ANKARA - HDP Diyarbakır Milletvekili Sibel Yiğitalap, TBMM İnsan Hakları İnceleme Komisyonu bünyesinde hazırlanan “Göç ve Uyum Raporu”na muhalefet şerhi düştü. Mültecilere yönelik ayrımcı ve ötekileştirici dilin mültecilerin yaşadığı sorunların kaynağı olduğunu belirten Yiğitalp, komisyonun hazırladığı rapora ilişkin eleştirilerini ve itirazlarını dile getirdi.

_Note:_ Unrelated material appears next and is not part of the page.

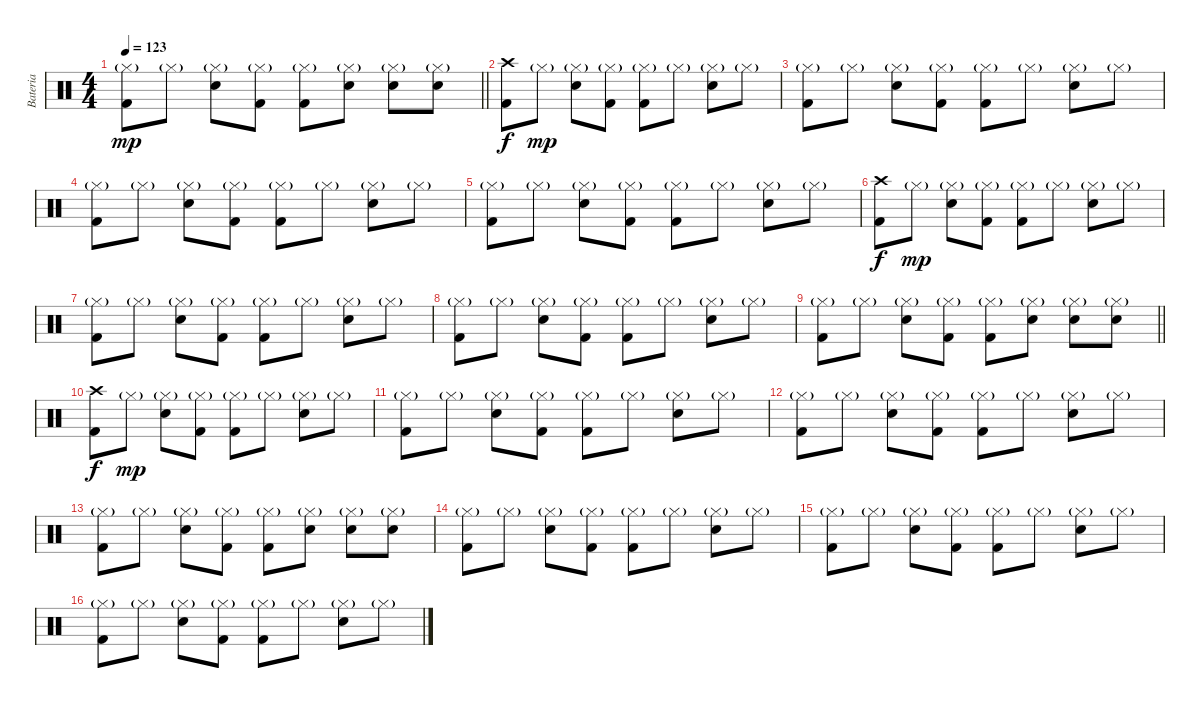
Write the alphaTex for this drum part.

Türkiye'de yaşayan mültecilere ilişkin verilere de muhalefet şerhinde yer veren Yiğitalp, 1 milyon Suriyeli’nin kayıt dışı çalıştığını, 2013-2016 yılları arasında 238 göçmen işçinin iş kazalarında yaşamını yitirdiğini hatırlatarak, mültecilerle ilgili koşulların iyileştirilmesini talep etti.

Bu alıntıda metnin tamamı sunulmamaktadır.